• Creel and Gow

    Store Profiles  

    by Tucker Chet Markus

    There is a brownstone on 70th Street and Lexington Avenue that houses the world.

    Creel and Gow was established in October 2012 by entrepreneur Jamie Creel and Sotheby’s sculpture aesthete Christopher Gow. What has emerged from their union is an entirely one-of-a-kind accumulation of the natural world’s finest art. To cross the threshold of this place is to encounter the exotic. Inside is a collection of exquisite objects from depths of prehistoric oceans, 19th century Parisian ateliers, swaying jungle treetops—a museum of natural creation, though here, these pieces are meant to be brought home.

    A fossilized Sea Lily from the Jurassic Period (a time when North America and Africa were one stretch of land), $20,000; a Peacock whose ornate tail feathers plunge down its back, $3,000; elaborate statuettes hand-carved out of Moose antlers, $200; a black-and-white-striped rug that once roamed South African plains, $3,500—here, the face of Mother Nature is painted upon every portrait, carved into every sculpture.

    New York is a place filled by every corner of the earth, but at Creel and Gow, Earth fills a corner of New York—in a brownstone on 70th and Lex.

    Aug 12, 2013 | Permalink (5) View/Leave Comments

    closet confections left a comment on 9/6/2013 at 1:21 PM:

    this store looks amazing.  i love interesting little shops like this.  i’ll definitely try to swing by over the weekend.  thanks for the recommendation.


    Gregory Tenenbaum left a comment on 9/2/2013 at 6:32 AM:

    Proof that the UES is still King. Proof that there is a God.
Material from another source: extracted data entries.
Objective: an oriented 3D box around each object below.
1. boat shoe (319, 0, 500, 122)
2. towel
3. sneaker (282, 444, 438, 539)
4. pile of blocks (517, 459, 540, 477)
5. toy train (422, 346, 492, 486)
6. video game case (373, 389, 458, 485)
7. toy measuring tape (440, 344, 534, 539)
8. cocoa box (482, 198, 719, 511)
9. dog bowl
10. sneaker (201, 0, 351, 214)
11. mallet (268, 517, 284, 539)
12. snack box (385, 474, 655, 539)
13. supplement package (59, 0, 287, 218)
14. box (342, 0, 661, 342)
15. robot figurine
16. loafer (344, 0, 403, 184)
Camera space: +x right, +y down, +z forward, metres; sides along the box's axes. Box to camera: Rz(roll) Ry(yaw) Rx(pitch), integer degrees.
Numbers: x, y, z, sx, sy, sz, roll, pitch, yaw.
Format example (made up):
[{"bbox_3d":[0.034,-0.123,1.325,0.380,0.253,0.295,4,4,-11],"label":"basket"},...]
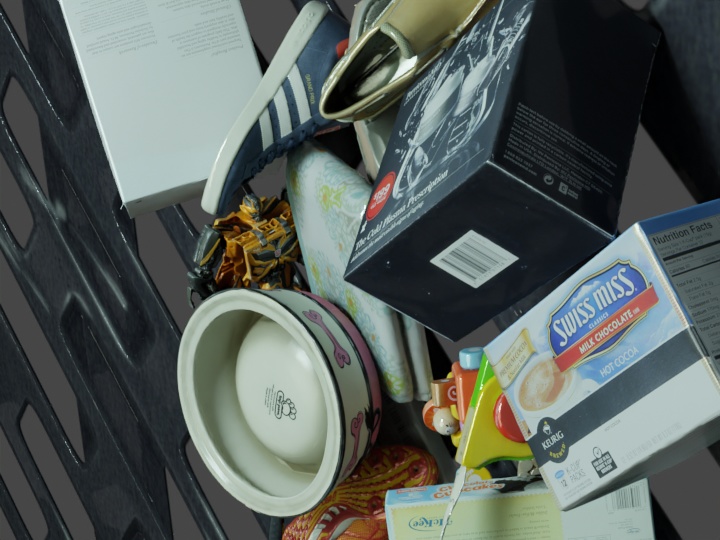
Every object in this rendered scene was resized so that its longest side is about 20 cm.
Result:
[{"bbox_3d":[0.043,-0.180,1.222,0.072,0.076,0.200,44,116,3],"label":"boat shoe"},{"bbox_3d":[0.000,0.000,1.386,0.171,0.048,0.201,38,146,57],"label":"towel"},{"bbox_3d":[0.008,0.215,1.463,0.200,0.077,0.073,-41,49,37],"label":"sneaker"},{"bbox_3d":[0.156,0.171,1.289,0.062,0.082,0.201,-40,-51,-82],"label":"pile of blocks"},{"bbox_3d":[0.079,0.151,1.313,0.150,0.055,0.201,-100,5,-76],"label":"toy train"},{"bbox_3d":[0.034,0.204,1.490,0.182,0.023,0.201,-44,68,51],"label":"video game case"},{"bbox_3d":[0.105,0.140,1.191,0.073,0.073,0.201,13,87,51],"label":"toy measuring tape"},{"bbox_3d":[0.203,0.054,1.096,0.200,0.133,0.132,-45,66,52],"label":"cocoa box"},{"bbox_3d":[-0.065,0.105,1.395,0.200,0.074,0.201,14,111,40],"label":"dog bowl"},{"bbox_3d":[-0.057,-0.123,1.362,0.084,0.200,0.075,31,178,-7],"label":"sneaker"},{"bbox_3d":[-0.074,0.228,1.551,0.041,0.066,0.201,-9,64,16],"label":"mallet"},{"bbox_3d":[0.124,0.216,1.240,0.037,0.199,0.117,-69,-29,-76],"label":"snack box"},{"bbox_3d":[-0.169,-0.169,1.465,0.151,0.151,0.201,152,100,-83],"label":"supplement package"},{"bbox_3d":[0.096,-0.079,1.136,0.104,0.183,0.200,30,145,-16],"label":"box"},{"bbox_3d":[-0.090,0.020,1.493,0.058,0.145,0.201,33,138,35],"label":"robot figurine"},{"bbox_3d":[0.018,-0.126,1.341,0.063,0.072,0.201,11,115,60],"label":"loafer"}]
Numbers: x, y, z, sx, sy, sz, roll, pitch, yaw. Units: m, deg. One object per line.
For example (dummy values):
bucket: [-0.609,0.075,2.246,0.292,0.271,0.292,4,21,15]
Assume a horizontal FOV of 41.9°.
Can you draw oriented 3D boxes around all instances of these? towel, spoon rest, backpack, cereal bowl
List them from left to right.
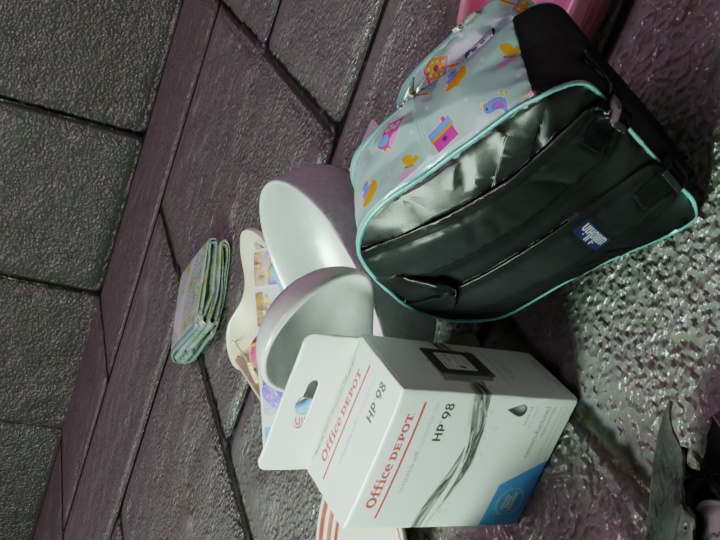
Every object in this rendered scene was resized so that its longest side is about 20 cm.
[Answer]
towel: [-0.279,0.055,1.629,0.200,0.048,0.173,-40,40,55]
spoon rest: [-0.023,0.059,0.680,0.099,0.061,0.200,-44,-20,-11]
cereal bowl: [0.000,0.000,0.775,0.200,0.083,0.201,50,157,31]
backpack: [0.091,-0.063,0.624,0.199,0.175,0.154,-39,43,23]

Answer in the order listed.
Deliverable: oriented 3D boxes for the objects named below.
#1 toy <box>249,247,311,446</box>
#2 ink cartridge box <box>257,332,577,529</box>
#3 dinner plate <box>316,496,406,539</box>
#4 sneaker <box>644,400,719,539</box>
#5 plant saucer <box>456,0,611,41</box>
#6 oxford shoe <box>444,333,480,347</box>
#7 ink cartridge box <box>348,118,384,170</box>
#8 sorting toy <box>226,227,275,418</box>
toy: [-0.073,0.073,0.901,0.114,0.047,0.203,-8,82,42]
ink cartridge box: [0.041,0.115,0.656,0.067,0.198,0.117,47,122,50]
dinner plate: [0.005,0.274,0.870,0.200,0.024,0.203,157,116,-62]
sneaker: [0.174,0.159,0.468,0.200,0.059,0.105,-73,-4,-69]
plant saucer: [0.150,-0.238,0.783,0.200,0.050,0.203,-168,90,-67]
oxford shoe: [0.055,0.123,0.826,0.074,0.070,0.200,-58,5,-37]
ink cartridge box: [0.023,-0.022,0.921,0.201,0.083,0.147,-63,28,29]
sorting toy: [-0.091,0.049,1.031,0.200,0.106,0.182,-143,38,-64]
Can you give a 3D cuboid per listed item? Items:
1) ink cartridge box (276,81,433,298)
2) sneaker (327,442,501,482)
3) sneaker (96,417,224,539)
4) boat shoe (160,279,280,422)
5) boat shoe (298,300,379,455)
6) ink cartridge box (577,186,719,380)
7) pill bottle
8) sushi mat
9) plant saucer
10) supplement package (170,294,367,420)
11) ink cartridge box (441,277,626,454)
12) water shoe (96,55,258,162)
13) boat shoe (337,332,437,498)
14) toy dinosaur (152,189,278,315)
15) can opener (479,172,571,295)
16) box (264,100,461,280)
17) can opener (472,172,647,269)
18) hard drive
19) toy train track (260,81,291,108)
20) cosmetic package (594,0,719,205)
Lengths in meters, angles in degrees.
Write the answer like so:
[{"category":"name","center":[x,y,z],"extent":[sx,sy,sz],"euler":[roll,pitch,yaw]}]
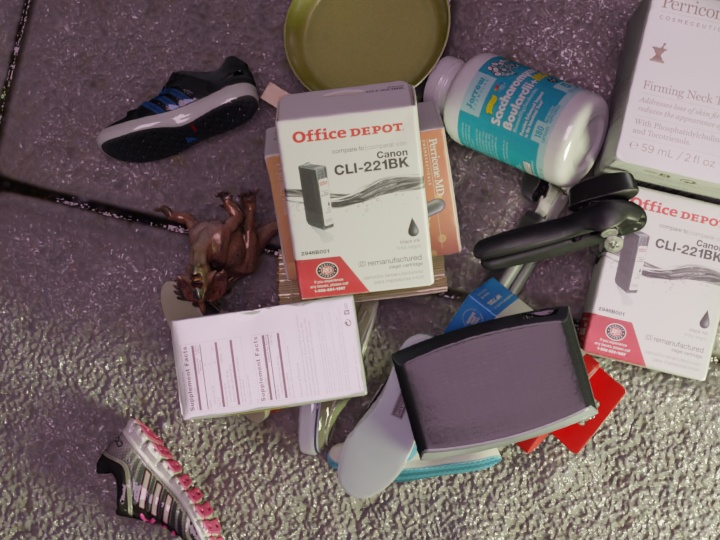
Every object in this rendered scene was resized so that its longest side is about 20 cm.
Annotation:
[{"category":"ink cartridge box","center":[-0.005,-0.084,1.422],"extent":[0.144,0.084,0.201],"euler":[-7,112,1]},{"category":"sneaker","center":[0.060,0.198,1.578],"extent":[0.199,0.077,0.081],"euler":[-7,70,2]},{"category":"sneaker","center":[-0.236,0.273,1.584],"extent":[0.087,0.074,0.200],"euler":[-37,82,0]},{"category":"boat shoe","center":[-0.156,0.086,1.592],"extent":[0.200,0.071,0.063],"euler":[49,50,8]},{"category":"boat shoe","center":[-0.026,0.118,1.578],"extent":[0.062,0.072,0.201],"euler":[11,86,11]},{"category":"ink cartridge box","center":[0.341,0.012,1.560],"extent":[0.144,0.084,0.201],"euler":[13,88,4]},{"category":"pill bottle","center":[0.172,-0.178,1.546],"extent":[0.200,0.111,0.111],"euler":[26,89,26]},{"category":"sushi mat","center":[0.000,0.000,1.584],"extent":[0.199,0.012,0.096],"euler":[-7,51,1]},{"category":"plant saucer","center":[0.009,-0.280,1.592],"extent":[0.199,0.031,0.201],"euler":[-3,75,13]},{"category":"supplement package","center":[-0.098,0.097,1.493],"extent":[0.199,0.114,0.110],"euler":[-8,84,1]},{"category":"ink cartridge box","center":[0.184,0.119,1.533],"extent":[0.200,0.067,0.116],"euler":[40,123,14]},{"category":"water shoe","center":[-0.217,-0.190,1.612],"extent":[0.199,0.072,0.079],"euler":[-17,60,3]},{"category":"boat shoe","center":[0.037,0.160,1.521],"extent":[0.073,0.068,0.200],"euler":[22,93,8]},{"category":"toy dinosaur","center":[-0.154,-0.017,1.560],"extent":[0.086,0.200,0.136],"euler":[-15,84,38]},{"category":"can opener","center":[0.198,-0.051,1.593],"extent":[0.066,0.053,0.200],"euler":[27,87,38]},{"category":"box","center":[0.002,-0.091,1.531],"extent":[0.199,0.106,0.153],"euler":[-10,112,2]},{"category":"can opener","center":[0.223,-0.041,1.522],"extent":[0.200,0.063,0.079],"euler":[-22,48,21]},{"category":"hard drive","center":[0.143,0.122,1.453],"extent":[0.199,0.042,0.135],"euler":[-15,89,5]},{"category":"toy train track","center":[-0.026,-0.162,1.609],"extent":[0.200,0.033,0.115],"euler":[31,91,4]},{"category":"cosmetic package","center":[0.372,-0.191,1.525],"extent":[0.167,0.166,0.201],"euler":[13,88,3]}]
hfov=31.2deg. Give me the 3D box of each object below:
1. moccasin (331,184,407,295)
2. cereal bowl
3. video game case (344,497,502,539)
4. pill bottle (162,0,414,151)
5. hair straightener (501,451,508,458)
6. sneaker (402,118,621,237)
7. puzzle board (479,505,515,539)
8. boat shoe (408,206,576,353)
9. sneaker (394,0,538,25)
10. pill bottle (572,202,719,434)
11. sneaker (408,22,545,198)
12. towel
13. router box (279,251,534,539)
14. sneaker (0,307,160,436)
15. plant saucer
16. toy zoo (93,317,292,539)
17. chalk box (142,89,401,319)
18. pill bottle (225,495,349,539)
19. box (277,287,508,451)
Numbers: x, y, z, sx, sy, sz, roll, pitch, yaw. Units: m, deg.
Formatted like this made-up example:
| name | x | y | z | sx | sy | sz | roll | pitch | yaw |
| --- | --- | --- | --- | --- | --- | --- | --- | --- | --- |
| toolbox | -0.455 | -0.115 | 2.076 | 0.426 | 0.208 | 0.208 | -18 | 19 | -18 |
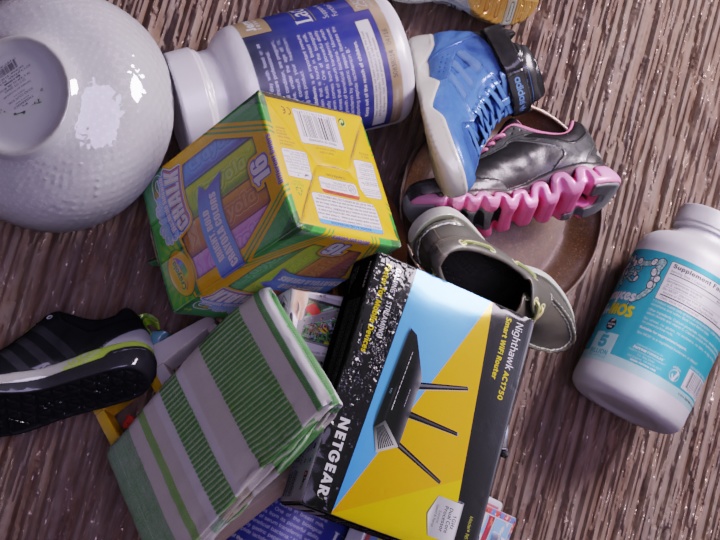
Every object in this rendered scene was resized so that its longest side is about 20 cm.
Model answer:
| name | x | y | z | sx | sy | sz | roll | pitch | yaw |
| --- | --- | --- | --- | --- | --- | --- | --- | --- | --- |
| moccasin | -0.002 | 0.000 | 1.116 | 0.073 | 0.078 | 0.202 | -7 | 76 | 21 |
| cereal bowl | -0.255 | -0.130 | 1.025 | 0.199 | 0.083 | 0.201 | -1 | 87 | 14 |
| video game case | 0.047 | 0.242 | 1.103 | 0.200 | 0.017 | 0.144 | 34 | 77 | -52 |
| pill bottle | -0.064 | -0.161 | 1.100 | 0.199 | 0.116 | 0.116 | -16 | 92 | -15 |
| hair straightener | 0.077 | 0.090 | 1.174 | 0.077 | 0.041 | 0.200 | -34 | 92 | -14 |
| sneaker | 0.127 | -0.087 | 1.145 | 0.199 | 0.079 | 0.096 | -9 | 68 | -15 |
| puzzle board | 0.067 | 0.295 | 1.121 | 0.151 | 0.017 | 0.201 | 33 | 77 | -53 |
| boat shoe | 0.122 | 0.022 | 1.114 | 0.072 | 0.060 | 0.201 | -45 | 123 | 14 |
| sneaker | 0.076 | -0.275 | 1.165 | 0.199 | 0.088 | 0.076 | 5 | 108 | -37 |
| pill bottle | 0.285 | 0.041 | 1.188 | 0.110 | 0.111 | 0.201 | 31 | 80 | -12 |
| sneaker | 0.107 | -0.145 | 1.107 | 0.111 | 0.200 | 0.077 | -11 | 130 | 5 |
| towel | -0.109 | 0.124 | 0.988 | 0.200 | 0.153 | 0.023 | -48 | 136 | 14 |
| router box | 0.039 | 0.106 | 0.992 | 0.149 | 0.051 | 0.201 | 23 | 72 | -20 |
| sneaker | -0.264 | 0.079 | 1.076 | 0.199 | 0.072 | 0.083 | -10 | 52 | -6 |
| plant saucer | 0.127 | -0.056 | 1.188 | 0.199 | 0.037 | 0.202 | 0 | 89 | -14 |
| toy zoo | -0.141 | 0.127 | 1.062 | 0.131 | 0.020 | 0.200 | -38 | 57 | 2 |
| chalk box | -0.090 | -0.035 | 1.051 | 0.124 | 0.200 | 0.124 | 6 | 59 | -48 |
| pill bottle | -0.050 | 0.192 | 1.082 | 0.115 | 0.116 | 0.201 | 30 | 77 | -12 |
| box | 0.027 | 0.084 | 1.043 | 0.199 | 0.035 | 0.111 | 10 | 74 | -22 |
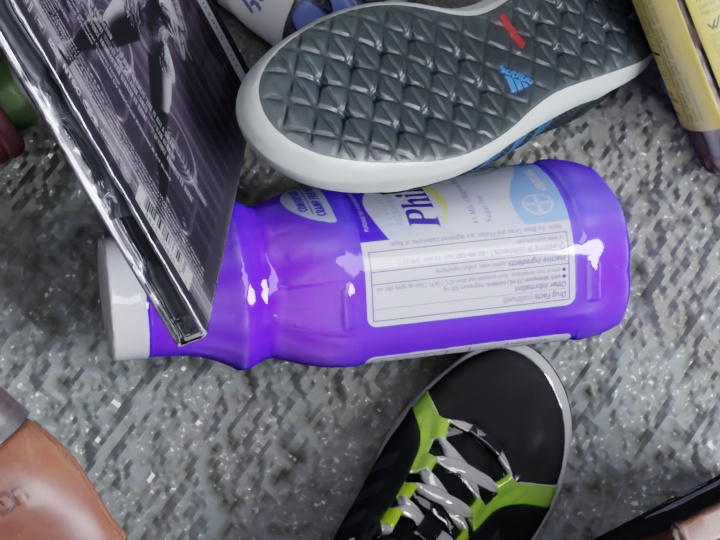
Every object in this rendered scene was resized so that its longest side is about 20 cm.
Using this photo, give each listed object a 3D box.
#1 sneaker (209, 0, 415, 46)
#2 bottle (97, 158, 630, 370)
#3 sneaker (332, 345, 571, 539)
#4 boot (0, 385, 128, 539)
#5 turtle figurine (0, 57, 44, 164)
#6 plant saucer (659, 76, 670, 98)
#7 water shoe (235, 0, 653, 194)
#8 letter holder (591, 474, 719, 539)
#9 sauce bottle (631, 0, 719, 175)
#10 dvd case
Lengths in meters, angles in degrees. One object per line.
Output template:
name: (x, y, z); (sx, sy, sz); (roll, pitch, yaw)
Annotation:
sneaker: (-0.010, -0.172, 0.893); (0.115, 0.080, 0.200); (32, 106, 18)
bottle: (0.000, 0.000, 0.883); (0.198, 0.084, 0.066); (-6, 109, -10)
sneaker: (0.022, 0.112, 0.862); (0.071, 0.083, 0.201); (34, 75, -1)
boot: (-0.123, 0.152, 0.760); (0.188, 0.069, 0.200); (-43, 96, 10)
turtle figurine: (-0.179, -0.034, 0.797); (0.193, 0.200, 0.145); (-30, 96, -1)
plant saucer: (0.214, -0.116, 0.977); (0.200, 0.019, 0.070); (-43, 88, -14)
water shoe: (0.030, -0.061, 0.877); (0.199, 0.079, 0.072); (-18, 73, -36)
letter holder: (0.154, 0.143, 0.817); (0.100, 0.200, 0.143); (-24, 83, -14)
sauce bottle: (0.122, -0.138, 0.866); (0.064, 0.065, 0.201); (-27, 107, -14)
dvd case: (-0.084, -0.083, 0.814); (0.016, 0.200, 0.149); (-22, 115, 15)
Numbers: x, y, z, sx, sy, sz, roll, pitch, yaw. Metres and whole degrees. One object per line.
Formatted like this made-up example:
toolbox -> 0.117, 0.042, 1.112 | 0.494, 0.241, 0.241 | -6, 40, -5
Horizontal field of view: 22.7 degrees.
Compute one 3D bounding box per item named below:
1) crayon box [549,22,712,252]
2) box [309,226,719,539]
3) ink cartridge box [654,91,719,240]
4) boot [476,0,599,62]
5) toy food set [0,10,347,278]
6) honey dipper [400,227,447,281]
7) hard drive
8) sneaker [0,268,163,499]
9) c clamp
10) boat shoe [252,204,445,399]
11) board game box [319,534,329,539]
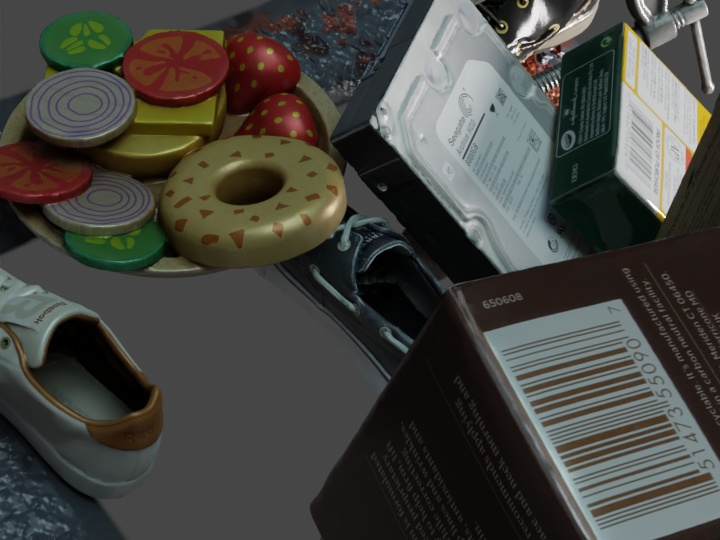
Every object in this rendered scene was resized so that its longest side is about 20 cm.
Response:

Proof that ... this is just awesome.


    Worldoyster left a comment on 9/1/2013 at 6:42 AM:

    This looks like a great store!! I will have to go visit next time I am in NYC.


    khordkutta left a comment on 8/31/2013 at 9:13 AM:

    Great Post, Very interesting store.  Thanks for the info.


    George left a comment on 8/30/2013 at 11:01 PM:

    The perennial question: Where do they find all this stuff?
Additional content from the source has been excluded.